Basically what I want is to configure each Y bit to select A, ~A, 0, or 1. One way to do this with off-the-shelf devices is to have each Y come from a multiplexer (can be implemented with a 1G57 logic gate), each of which requires two control bits. These control bits would come from a GPIO expander (so need 32 bits to support 16 outputs). Our board already has an I2C interface to the host system, and the reconfiguration doesn't have to be fast, so I2C provides a convenient interface for the GPIO expander. See attached diagram (hoping attachment works...).
But even if we use a single logic gate for each output, that's a lot of board space and components. And we may need to scale to more outputs. I'm looking to replace the whole thing with a CPLD/FPGA, but I'm not very familiar with low-end options.
One big caveat for this application is that this board contains extremely sensitive broadband RF receivers (can't get into specifics here), so RFI generated by an FPGA is a big concern. I'm fairly sure that even low-end FPGAs have internal oscillators and logic which operates in the background to support certain features (configuration, initialization, debugging, etc). Would be ideal if we could feed the FPGA an additional signal (call it IDLE) which would disable as much of this as possible. So when we need to update the control bits via I2C we would first de-assert IDLE. Then before running the tests we would assert IDLE, which would disable as much as possible while leaving the required combination logic functioning. Repeat as necessary.
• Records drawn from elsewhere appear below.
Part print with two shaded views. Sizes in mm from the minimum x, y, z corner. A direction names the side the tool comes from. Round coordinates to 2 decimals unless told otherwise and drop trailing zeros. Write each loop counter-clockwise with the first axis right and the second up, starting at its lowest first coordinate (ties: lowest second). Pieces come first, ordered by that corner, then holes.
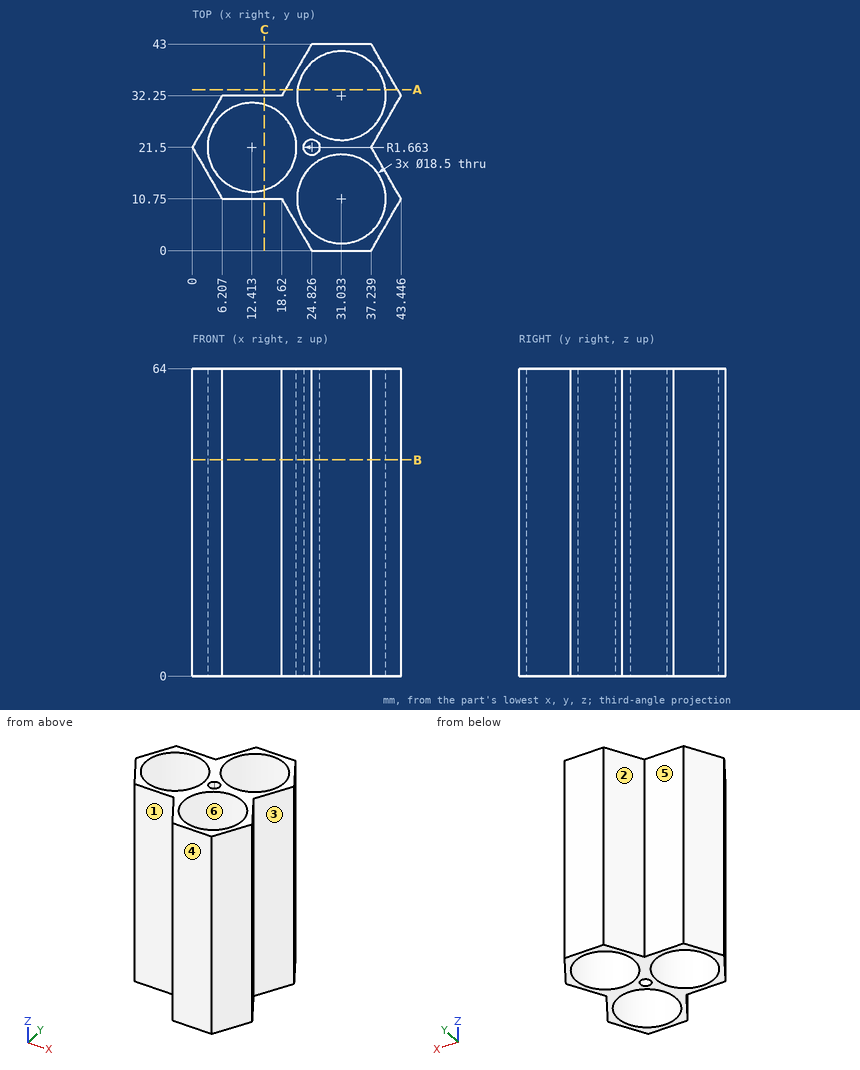
Q1. Mould opens along Y. For the marked faces 4, 5 and 6 say: +Y half, -Y half, draft (parallel to the pull), parting line (faces both ways), or undercut.
Values follow:
face 4: -Y half
face 5: +Y half
face 6: undercut
Q2. Drop flat-ended pins along their axis: pin 1 (2 mm diameter, centred on x = 13, z = 56, fed in from -Y); pin 2 (13.5 mm diameter, centred on x = 14, z = 38.5, fed in from +Y); pin 3 (1.5 mm diameter, centred on y = 27.5, z = 42.5, fed in from +X) (1 decimal). Give the stop position or say it passes through.
Values follow:
pin 1: stops at y = 10.75
pin 2: stops at y = 35.94
pin 3: stops at x = 41.1
Q3. Which spindle directions (+Z, -Z, +X, -X, +Y, -Y) get a long thin tool onto all of the face, cutting with end or side? Do the marked faces 1, 2 and 3. Say none if no direction does.
Values follow:
face 1: +Z, -Z, -X, -Y
face 2: +Z, -Z, -X, +Y
face 3: +Z, -Z, +X
Q4. Cut at A-A on y = 33.5. Write the cut outline in (x, z).
Values follow:
outline: (19.34, 0) - (21.87, 0) - (21.87, 64) - (19.34, 64) - close; (40.2, 0) - (42.72, 0) - (42.72, 64) - (40.2, 64) - close
Q5. Cut at C-C on x = 15. Write the cut outline in (y, z).
Values follow:
outline: (10.75, 0) - (12.62, 0) - (12.62, 64) - (10.75, 64) - close; (30.38, 0) - (32.25, 0) - (32.25, 64) - (30.38, 64) - close
Q6. Wall check: L1, parallel to Y at x = 29, z = 33.5 (1 decimal); L2, parallel to Y at x = 36, z = 45.5 (1 decimal); L3, parallel to Y at x = 19, z = 17.5 (1 decimal). Give the ranges that are in metal, low to high.
Values follow:
L1: y = 0 to 1.7, 19.8 to 23.2, 41.3 to 43
L2: y = 0 to 2.9, 18.6 to 24.4, 40.1 to 43
L3: y = 10.1 to 15, 28 to 32.9
Q7. Cut at B-B on z = 45. State how many separate pieces and enclosed holes the cut face has, plus the area to 3 significant figures.
Values follow:
separate pieces: 1
enclosed holes: 4
area: 386 mm2

Obviously the amount of RFI we see from the FPGA will depend on numerous factors outside of the FPGA itself, but I'm trying to at least select parts which get close to this sort of behavior. This sort of stuff is always buried deep in documentation (or not provided at all). For example, I was looking at the Igloo Nano, and it mentions an "Idle" mode which can be entered by just halting external clock sources. Sounds great, but it doesn't seem to describe what happens to its internal oscillators or the circuitry they clock. Just hoping for some general tips.
Also a few other specifications about the application/fpga:
The logic input A is not very fast, minimum pulse width is maybe 500ns. A few tens of nanoseconds of skew/delay on the Y outputs won't matter.
Being able to update the firmware via that same I2C interface would be nice, but isn't a requirement
FPGA configuration can be stored either in FPGA NVM (i.e. MAX10) or in an external memory (i.e. cyclone)
QFP/QFN footprints would be nice, but BGA is an option too (min pitch 0.65mm though)